• Task directions: Ignore the pictures in the data below and set down exactly the lines from its first line through the line containing "Subtract all large purple".

• Data items:
───

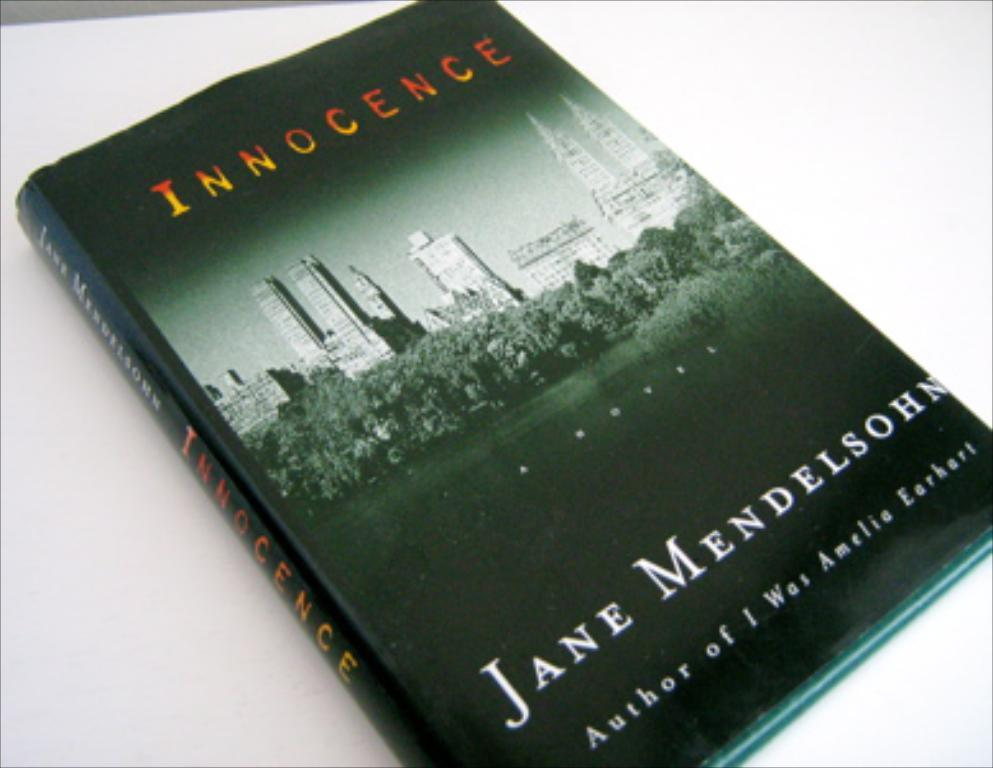<image>
Share a concise interpretation of the image provided. The book called Innocence written by Jane Mendelsohn 
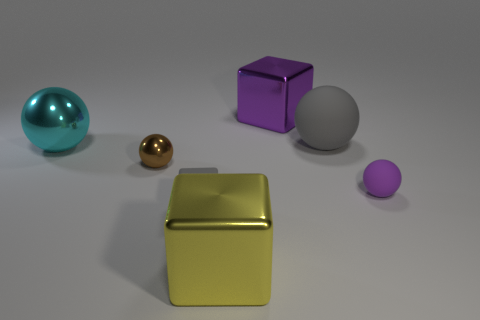Subtract all large purple blocks. How many blocks are left? 2 Add 2 small brown shiny balls. How many objects exist? 9 Subtract all balls. How many objects are left? 3 Subtract 2 balls. How many balls are left? 2 Add 7 purple objects. How many purple objects are left? 9 Add 3 big blue rubber cubes. How many big blue rubber cubes exist? 3 Subtract all brown balls. How many balls are left? 3 Subtract 1 gray cubes. How many objects are left? 6 Subtract all purple spheres. Subtract all cyan cylinders. How many spheres are left? 3 Subtract all gray cylinders. Subtract all large balls. How many objects are left? 5 
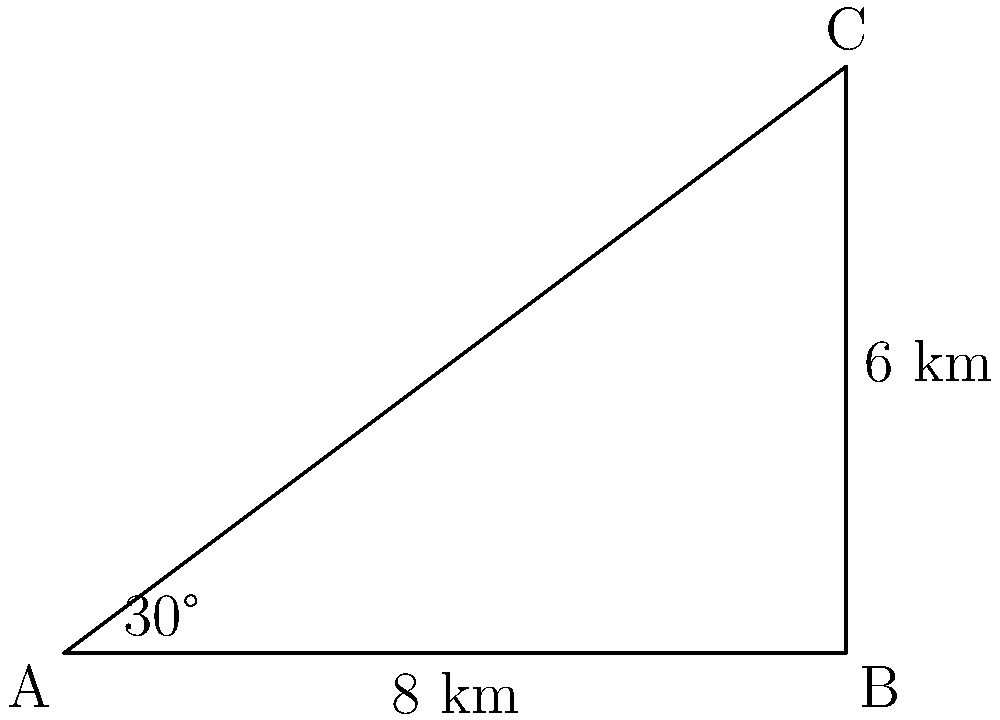A delivery truck needs to travel from point A to point C in a city with angled streets. The most direct route forms a right-angled triangle ABC, where AB is 8 km and BC is 6 km. The angle between the direct route (AC) and AB is 30°. Calculate the length of the most efficient route (AC) for the delivery truck. To solve this problem, we'll use the trigonometric ratio cosine in a right-angled triangle. Here's the step-by-step solution:

1) In a right-angled triangle, cosine of an angle is the ratio of the adjacent side to the hypotenuse.

2) In this case, we know:
   - The angle is 30°
   - The adjacent side (AB) is 8 km
   - We need to find the hypotenuse (AC)

3) The cosine formula is:
   $\cos \theta = \frac{\text{adjacent}}{\text{hypotenuse}}$

4) Substituting our known values:
   $\cos 30° = \frac{8}{\text{AC}}$

5) We know that $\cos 30° = \frac{\sqrt{3}}{2}$, so:
   $\frac{\sqrt{3}}{2} = \frac{8}{\text{AC}}$

6) Cross multiply:
   $\text{AC} \cdot \frac{\sqrt{3}}{2} = 8$

7) Solve for AC:
   $\text{AC} = \frac{8}{\frac{\sqrt{3}}{2}} = \frac{16}{\sqrt{3}} = \frac{16\sqrt{3}}{3}$

8) Simplify:
   $\text{AC} = \frac{16\sqrt{3}}{3} \approx 9.24$ km

Therefore, the most efficient route for the delivery truck is approximately 9.24 km long.
Answer: $\frac{16\sqrt{3}}{3}$ km or approximately 9.24 km

───

• Result below:
<image>
Share a concise interpretation of the image provided. The book called Innocence written by Jane Mendelsohn 
Subtract all large purple blocks. How many blocks are left? 2 Add 2 small brown shiny balls. How many objects exist? 9 Subtract all balls. How many objects are left? 3 Subtract 2 balls. How many balls are left? 2 Add 7 purple objects. How many purple objects are left? 9 Add 3 big blue rubber cubes. How many big blue rubber cubes exist? 3 Subtract all brown balls. How many balls are left? 3 Subtract 1 gray cubes. How many objects are left? 6 Subtract all purple spheres. Subtract all cyan cylinders. How many spheres are left? 3 Subtract all gray cylinders. Subtract all large balls. How many objects are left? 5 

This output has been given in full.